Scaling Open Discrete Audio Foundation Models with Interleaved Semantic, Acoustic, and Text Tokens
Potsawee Manakul, Woody Haosheng Gan, Martijn Bartelds, Guangzhi Sun, William Held, Diyi Yang
TL;DR
This work develops native open discrete audio foundation models trained with next-token prediction over interleaved semantic, acoustic, and text tokens, introducing utterance-level interleaving to leverage transcripts without word-level alignment. It establishes first scaling laws for discrete audio via IsoFLOP analysis across 64 models ($3\times 10^{18}$ to $3\times 10^{20}$ FLOPs), finding $D^* \propto C^{0.579}$ and $N^* \propto C^{0.367}$, indicating data scales faster than model size due to lower information density. The authors train SODA (135M–4B params) on 500B tokens (≈$1.3\times 10^{22}$ FLOPs), show cold-start pretraining yields better stability and ASR performance than warm-start, and demonstrate cross-modal capabilities including voice-preserving speech-to-speech translation by fine-tuning SODA within the same NTP framework. Overall, the paper provides validated training recipes, scaling laws, and a flexible unified backbone for audio/text tasks, enabling end-to-end audio generation and cross-modal understanding with practical implications for accessible, general-purpose audio AI. In addition, it releases checkpoints, data, and code to foster further research and democratize access to audio foundation-model research.
Abstract
Current audio language models are predominantly text-first, either extending pre-trained text LLM backbones or relying on semantic-only audio tokens, limiting general audio modeling.

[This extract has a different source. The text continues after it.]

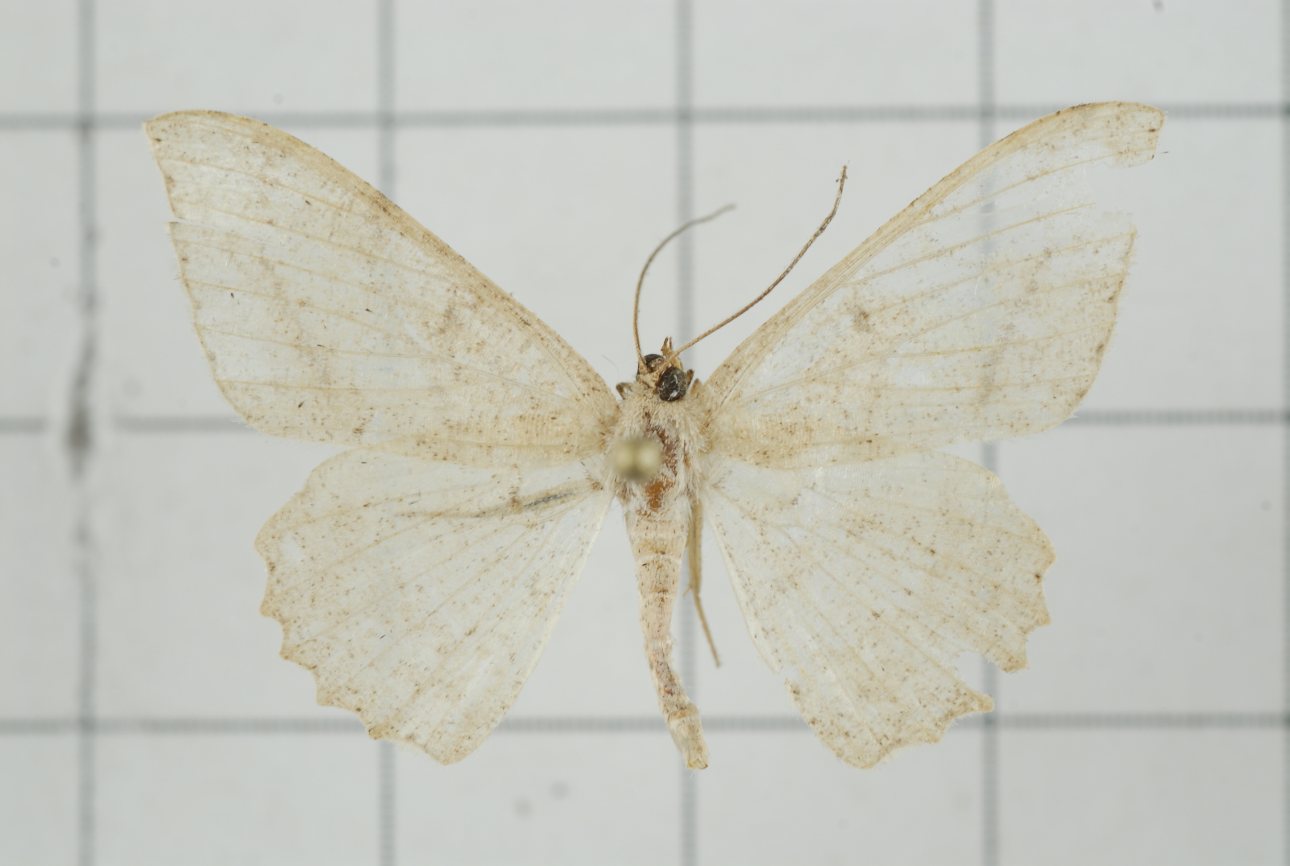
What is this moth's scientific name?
Luxiaria mitorrhaphes
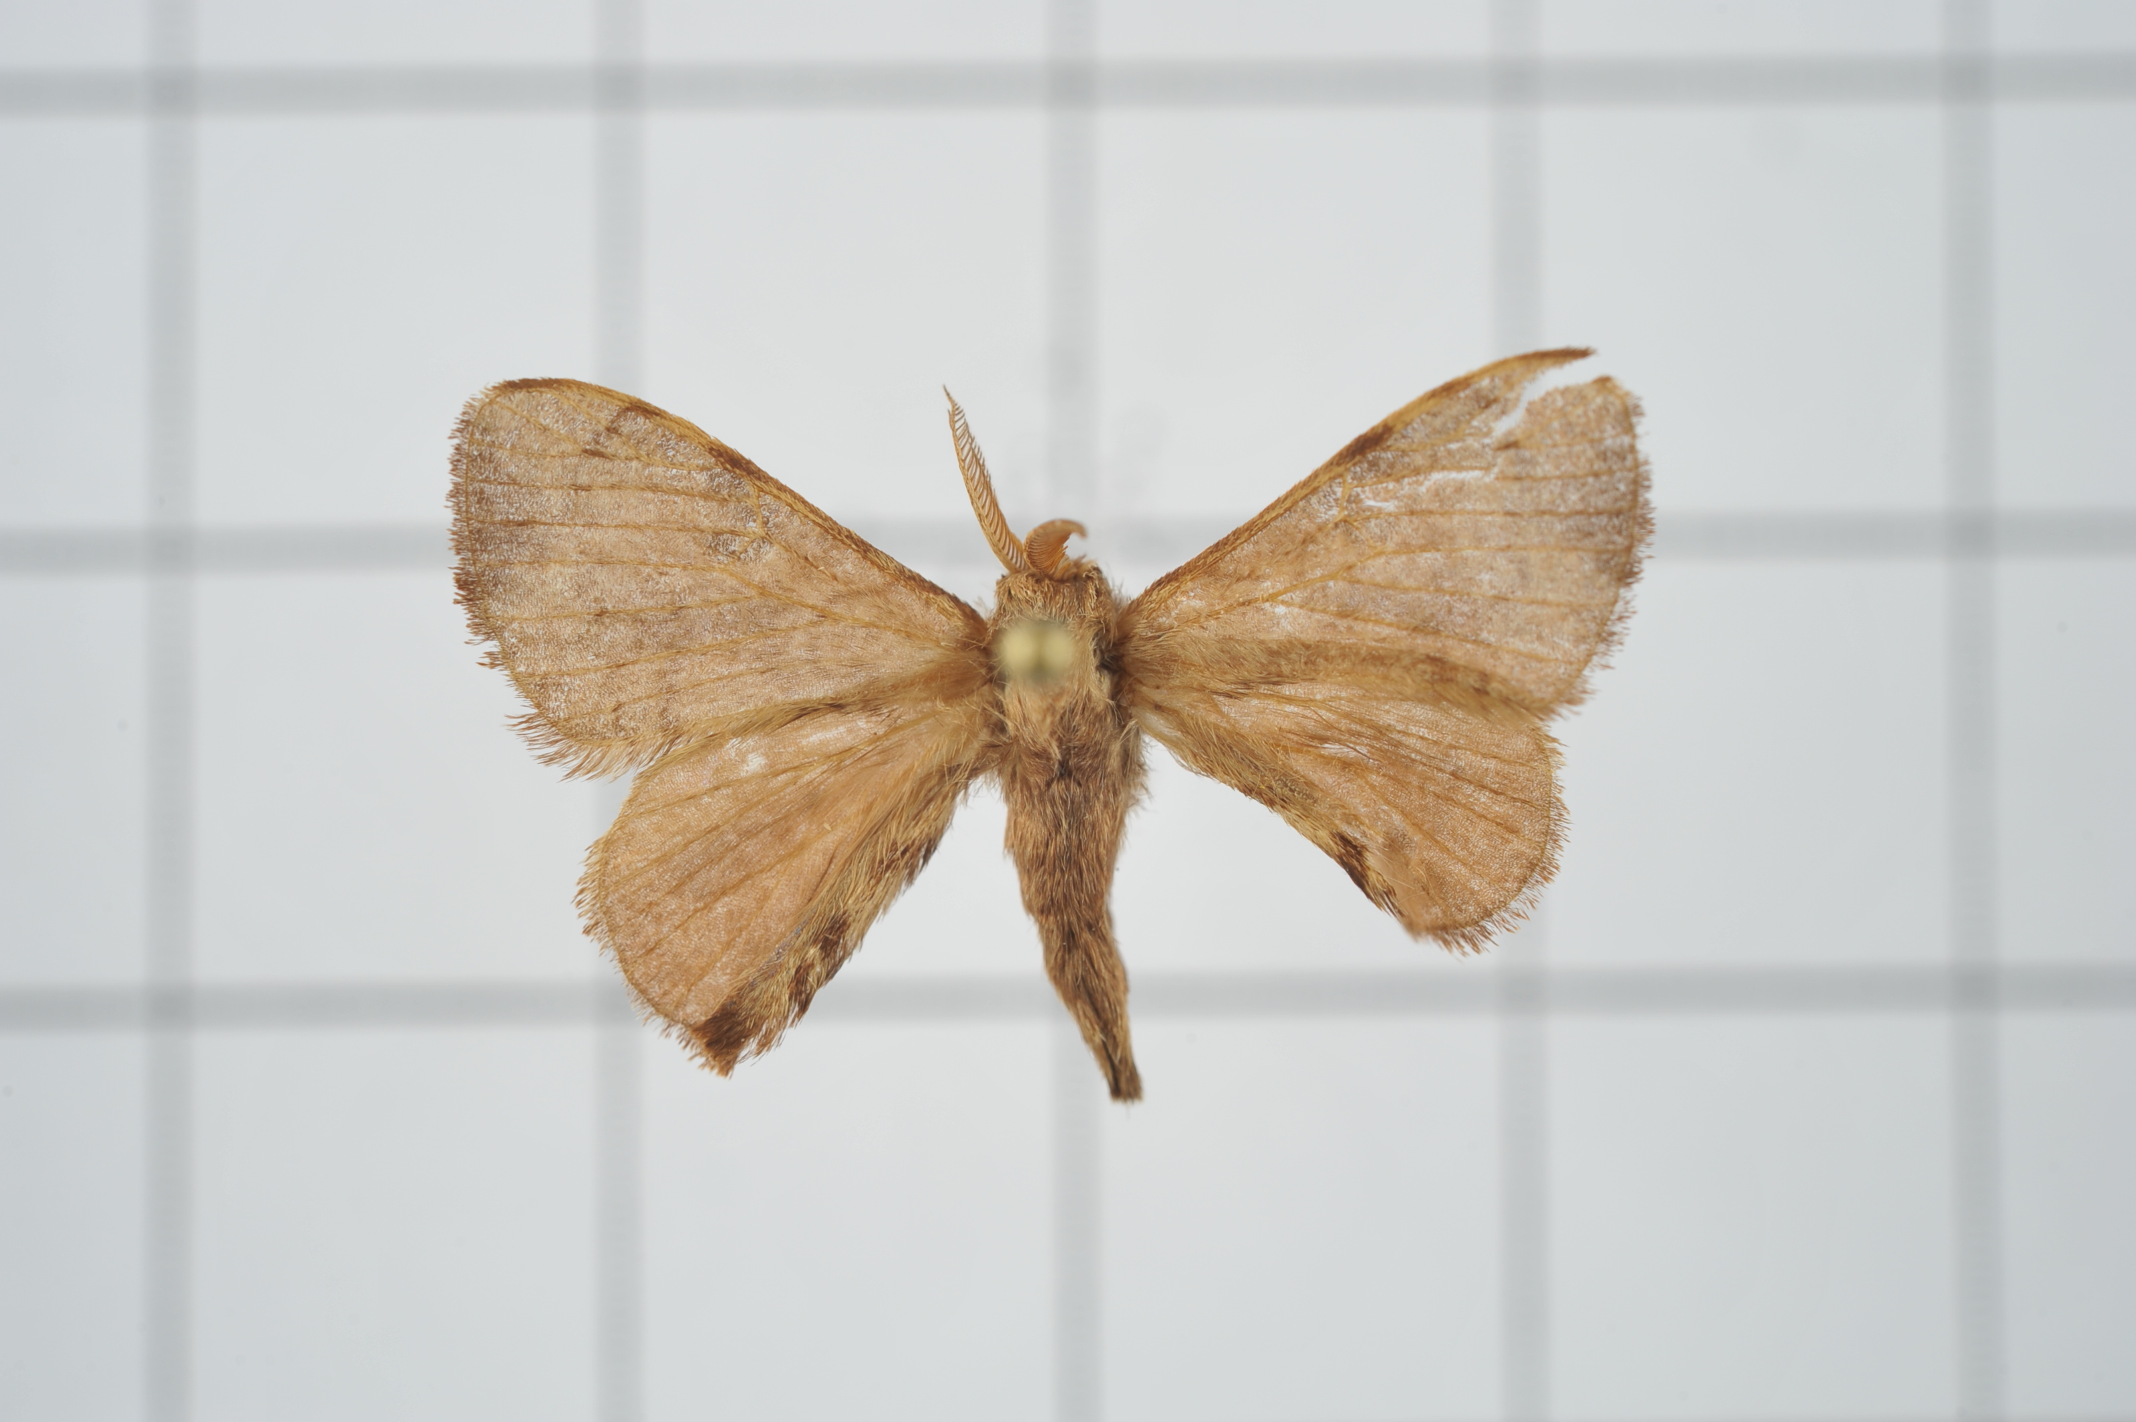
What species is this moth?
Trilocha varians

This paper presents a systematic empirical study of native audio foundation models that apply next-token prediction to audio at scale, jointly modeling semantic content, acoustic details, and text to support both general audio generation and cross-modal capabilities. We provide comprehensive empirical insights for building such models: (1) We systematically investigate design choices -- data sources, text mixture ratios, and token composition -- establishing a validated training recipe. (2) We conduct the first scaling law study for discrete audio models via IsoFLOP analysis on 64 models spanning $3{\times}10^{18}$ to $3{\times}10^{20}$ FLOPs, finding that optimal data grows 1.6$\times$ faster than optimal model size. (3) We apply these lessons to train SODA (Scaling Open Discrete Audio), a suite of models from 135M to 4B parameters on 500B tokens, comparing against our scaling predictions and existing models. SODA serves as a flexible backbone for diverse audio/text tasks -- we demonstrate this by fine-tuning for voice-preserving speech-to-speech translation, using the same unified architecture.